Даже упоминание об отце не взволновало мальчика, человек, которого он называл папой, слишком часто появлялся и исчезал, чтобы он привык к нему. Ребенок чувствовал даже какое-то облегчение, оттого что жизнь возвращалась в свою колею. Мать. Отец. Дом. Кошмар исчезал.

Приехал Дэниел, чтобы проводить их в аэропорт. Иза соблюла приличия, поблагодарив Салли за помощь. Чиннери нигде не было видно. Они ехали через аллею кустов, ведущую от дома Деверье, покидая Бауминстер и Уэчестер, а Бенджи показывал в окно машины на ревущий самолет, идущий на посадку.
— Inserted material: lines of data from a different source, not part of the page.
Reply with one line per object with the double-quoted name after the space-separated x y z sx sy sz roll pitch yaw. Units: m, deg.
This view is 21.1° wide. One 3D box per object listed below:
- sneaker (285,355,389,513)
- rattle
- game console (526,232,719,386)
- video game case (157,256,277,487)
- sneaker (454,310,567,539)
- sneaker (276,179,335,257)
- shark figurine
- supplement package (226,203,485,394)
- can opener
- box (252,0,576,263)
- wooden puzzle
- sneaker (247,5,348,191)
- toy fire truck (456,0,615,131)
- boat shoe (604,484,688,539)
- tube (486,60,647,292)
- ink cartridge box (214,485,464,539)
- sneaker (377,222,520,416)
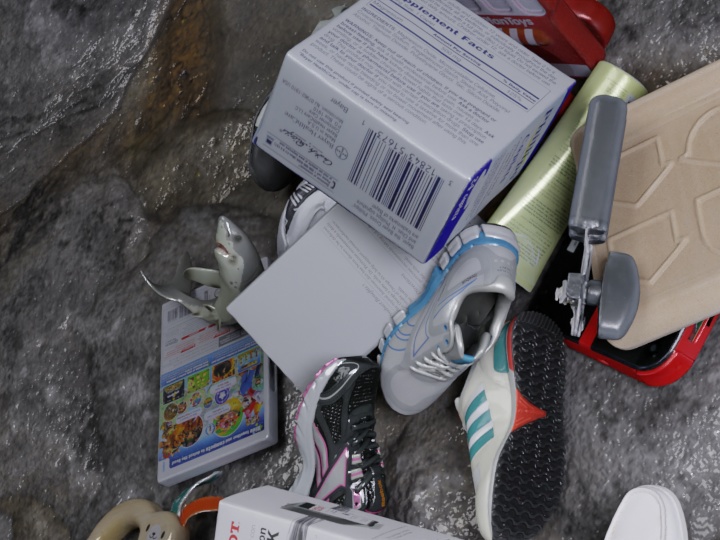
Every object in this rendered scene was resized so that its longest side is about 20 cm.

Иза объяснила Дэниелу, как кружным путем проехать к четвертому терминалу аэропорта Хитроу, что в час пик могло сэкономить им много времени. Они не опаздывали, но старые привычки живучи. Дэниел привез Изу с сыном на нужный уровень и, не выключая мотора, вышел из машины, чтобы передать Бенджи маленькую модель аэроплана в обмен на прощальный поцелуй, что Бенджи сделал с удовольствием, не замечая натянутых улыбок матери и ее друга. Он воспринял прощальное объятие Дэнни совершенно спокойно. Потом Дэнни ушел.

У них было всего одно место багажа, небольшой пластиковый пакет, Иза пробиралась к кассе через предрождественскую толчею. Формальности были недолгими. Деньги Джо в обмен на билеты. Несколько шагов к пункту таможенного контроля. Проверка паспортов. Порядок. Стюардесса ведет их к залу вылета с его суматохой и волнением.

Изе приходилось делать над собой усилие, чтобы побороть желание оглянуться. Она знала, что Деверье здесь, она чувствовала его присутствие, взгляд водянистых голубых глаз и подозревала — причем вполне резонно, — что он не сумеет преодолеть искушения и захочет лично убедиться, что все произошло так, как было условлено по телефону. Этот человек не откажется от триумфа.

Именно поэтому Иза зарезервировала места по телефону из его дома, а потом по телефону-автомату внесла поправку в заказ.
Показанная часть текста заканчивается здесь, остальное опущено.